Owning to the firm having data on government staffs the firm should adhere to the

FISMA act. This law is characteristically supposed to apply simply to government firms. But

vendors and contractors that offer facilities to handle information systems in the best interests of,

or keep close relations with a governmental firm might be held to identical standards (Ely, 2010).

Accompanied by FISMA the firm should likewise obey the “California Civ. Code s.

1798.82(a)”. While complying with FISMA the business should categorize risks, have a system

inventory and a security strategy, establish safety controls, perform risk evaluations and keep

authorization. The guidelines for warning or notice from the California state are, fair notification

of information breach, enumerate what occurred, what the firm is implementing to support and

what the client can do likewise, it will comprise where an individual can drive for additional

data. To stick to FISMA the corporation should report data security events inside one hour of

data breach.

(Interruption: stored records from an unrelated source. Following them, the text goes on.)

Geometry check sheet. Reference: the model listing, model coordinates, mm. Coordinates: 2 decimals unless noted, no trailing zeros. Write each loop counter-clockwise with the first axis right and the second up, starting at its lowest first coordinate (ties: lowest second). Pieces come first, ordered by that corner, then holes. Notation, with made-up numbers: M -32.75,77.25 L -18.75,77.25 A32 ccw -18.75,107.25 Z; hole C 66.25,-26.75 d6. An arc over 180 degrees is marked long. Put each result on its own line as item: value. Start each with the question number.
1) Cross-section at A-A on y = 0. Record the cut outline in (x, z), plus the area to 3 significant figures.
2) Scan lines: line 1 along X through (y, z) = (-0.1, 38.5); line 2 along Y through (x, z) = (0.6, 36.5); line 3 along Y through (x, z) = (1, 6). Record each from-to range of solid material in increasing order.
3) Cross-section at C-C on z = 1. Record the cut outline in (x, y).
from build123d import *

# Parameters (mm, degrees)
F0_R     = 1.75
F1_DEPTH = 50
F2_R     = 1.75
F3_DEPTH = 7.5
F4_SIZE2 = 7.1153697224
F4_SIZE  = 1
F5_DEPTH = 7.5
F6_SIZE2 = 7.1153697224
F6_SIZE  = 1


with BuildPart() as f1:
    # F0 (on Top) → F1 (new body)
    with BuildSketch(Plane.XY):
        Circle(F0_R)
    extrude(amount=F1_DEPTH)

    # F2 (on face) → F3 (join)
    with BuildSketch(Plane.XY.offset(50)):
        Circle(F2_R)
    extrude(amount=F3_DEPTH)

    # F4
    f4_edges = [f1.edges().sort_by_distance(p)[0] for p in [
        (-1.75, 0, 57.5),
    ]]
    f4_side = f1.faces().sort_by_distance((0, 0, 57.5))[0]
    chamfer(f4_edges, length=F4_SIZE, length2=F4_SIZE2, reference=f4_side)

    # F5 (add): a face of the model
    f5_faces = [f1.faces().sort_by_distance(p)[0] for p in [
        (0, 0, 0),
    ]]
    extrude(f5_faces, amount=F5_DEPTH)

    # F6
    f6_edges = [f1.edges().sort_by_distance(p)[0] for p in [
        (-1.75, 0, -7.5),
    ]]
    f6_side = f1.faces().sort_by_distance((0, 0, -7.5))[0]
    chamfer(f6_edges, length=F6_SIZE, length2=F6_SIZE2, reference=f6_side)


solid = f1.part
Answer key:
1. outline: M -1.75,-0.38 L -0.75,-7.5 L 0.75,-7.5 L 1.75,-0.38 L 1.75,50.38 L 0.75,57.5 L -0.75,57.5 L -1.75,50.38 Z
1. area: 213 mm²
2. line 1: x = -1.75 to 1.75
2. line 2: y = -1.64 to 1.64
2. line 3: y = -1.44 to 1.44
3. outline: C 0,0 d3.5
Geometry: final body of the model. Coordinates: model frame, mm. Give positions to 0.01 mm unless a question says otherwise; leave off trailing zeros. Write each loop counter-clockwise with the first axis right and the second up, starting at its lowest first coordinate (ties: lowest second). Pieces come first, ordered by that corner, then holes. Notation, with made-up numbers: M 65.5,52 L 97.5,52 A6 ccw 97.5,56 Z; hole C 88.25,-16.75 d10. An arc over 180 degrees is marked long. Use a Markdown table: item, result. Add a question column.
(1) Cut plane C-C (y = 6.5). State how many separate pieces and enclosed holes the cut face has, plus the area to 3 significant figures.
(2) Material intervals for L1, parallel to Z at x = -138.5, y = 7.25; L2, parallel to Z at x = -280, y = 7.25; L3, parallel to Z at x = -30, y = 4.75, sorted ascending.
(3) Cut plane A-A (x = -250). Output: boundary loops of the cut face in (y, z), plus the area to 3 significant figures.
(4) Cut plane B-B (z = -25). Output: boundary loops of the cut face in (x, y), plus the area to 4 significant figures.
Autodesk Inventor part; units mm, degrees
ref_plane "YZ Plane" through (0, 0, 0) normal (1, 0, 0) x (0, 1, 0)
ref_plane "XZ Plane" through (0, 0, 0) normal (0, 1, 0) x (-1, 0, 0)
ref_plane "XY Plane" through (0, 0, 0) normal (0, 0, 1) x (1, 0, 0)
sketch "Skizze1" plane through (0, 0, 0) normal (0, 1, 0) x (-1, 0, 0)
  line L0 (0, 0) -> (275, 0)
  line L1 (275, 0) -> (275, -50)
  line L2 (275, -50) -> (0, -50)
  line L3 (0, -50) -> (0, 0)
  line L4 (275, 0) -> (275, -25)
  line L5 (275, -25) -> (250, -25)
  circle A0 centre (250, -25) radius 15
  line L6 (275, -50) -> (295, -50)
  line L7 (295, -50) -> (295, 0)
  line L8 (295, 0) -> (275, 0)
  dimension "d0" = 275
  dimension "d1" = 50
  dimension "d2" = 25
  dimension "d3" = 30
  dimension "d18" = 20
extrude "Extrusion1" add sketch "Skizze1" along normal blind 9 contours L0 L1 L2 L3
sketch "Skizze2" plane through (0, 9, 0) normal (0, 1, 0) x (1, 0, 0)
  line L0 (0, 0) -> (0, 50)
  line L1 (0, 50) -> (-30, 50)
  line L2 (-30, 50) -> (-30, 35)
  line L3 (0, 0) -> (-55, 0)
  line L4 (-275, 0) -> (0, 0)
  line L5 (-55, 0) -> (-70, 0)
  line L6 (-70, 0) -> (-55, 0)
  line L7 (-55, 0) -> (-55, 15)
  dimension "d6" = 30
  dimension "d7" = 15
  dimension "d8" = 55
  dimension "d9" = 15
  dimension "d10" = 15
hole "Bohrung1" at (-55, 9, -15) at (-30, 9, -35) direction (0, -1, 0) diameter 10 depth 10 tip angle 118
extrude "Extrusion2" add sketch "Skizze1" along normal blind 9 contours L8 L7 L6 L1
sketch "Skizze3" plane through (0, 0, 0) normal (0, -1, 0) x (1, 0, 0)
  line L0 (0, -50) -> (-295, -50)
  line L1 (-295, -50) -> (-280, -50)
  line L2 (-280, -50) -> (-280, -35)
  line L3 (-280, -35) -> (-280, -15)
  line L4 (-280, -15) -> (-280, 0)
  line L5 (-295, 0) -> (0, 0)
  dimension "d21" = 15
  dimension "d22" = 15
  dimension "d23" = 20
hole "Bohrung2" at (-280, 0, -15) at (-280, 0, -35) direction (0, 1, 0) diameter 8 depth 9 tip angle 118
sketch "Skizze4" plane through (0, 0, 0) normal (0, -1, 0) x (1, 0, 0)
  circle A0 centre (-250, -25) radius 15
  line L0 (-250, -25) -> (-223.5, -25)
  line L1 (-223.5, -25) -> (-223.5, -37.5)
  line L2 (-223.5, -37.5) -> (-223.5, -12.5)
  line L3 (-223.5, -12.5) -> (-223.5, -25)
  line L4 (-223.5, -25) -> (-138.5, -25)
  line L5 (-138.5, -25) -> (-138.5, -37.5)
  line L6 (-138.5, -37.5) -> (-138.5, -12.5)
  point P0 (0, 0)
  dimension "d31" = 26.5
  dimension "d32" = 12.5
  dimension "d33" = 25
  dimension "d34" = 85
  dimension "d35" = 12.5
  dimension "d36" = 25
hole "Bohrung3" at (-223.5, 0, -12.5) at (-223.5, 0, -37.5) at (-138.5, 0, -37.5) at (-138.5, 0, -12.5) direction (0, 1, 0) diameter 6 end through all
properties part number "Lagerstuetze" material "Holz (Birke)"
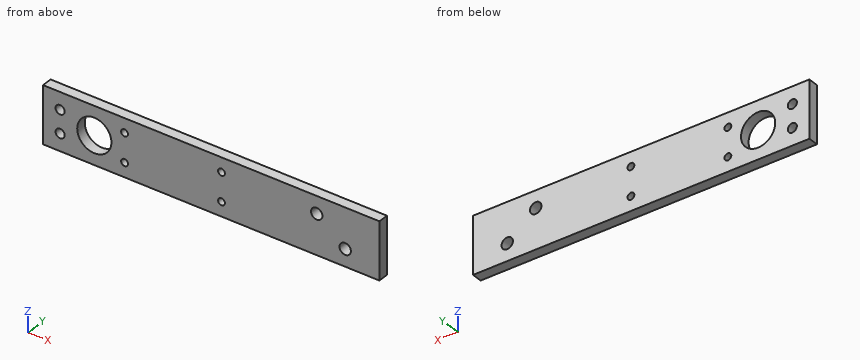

It was identified that this breach happened owning to a vulnerable remote access PC

connection a worker establishing using a simple secret word, for simplicity of working from

remote/home location. Hence, in order to manage and avoid such breach in future, it is

recommended that Aircraft Manufacturing firm to implement multifactor verification to prevent

remote worker (attacker) from obtaining access to directed networks, even while authentic

authorizations are compromised. Time-based hard token, soft token, card-based token or SMS-

based text messages are all successful approaches to protect remote site logins that can support

avoid remote invaders from getting into the company’s core networks (Bond, 2017).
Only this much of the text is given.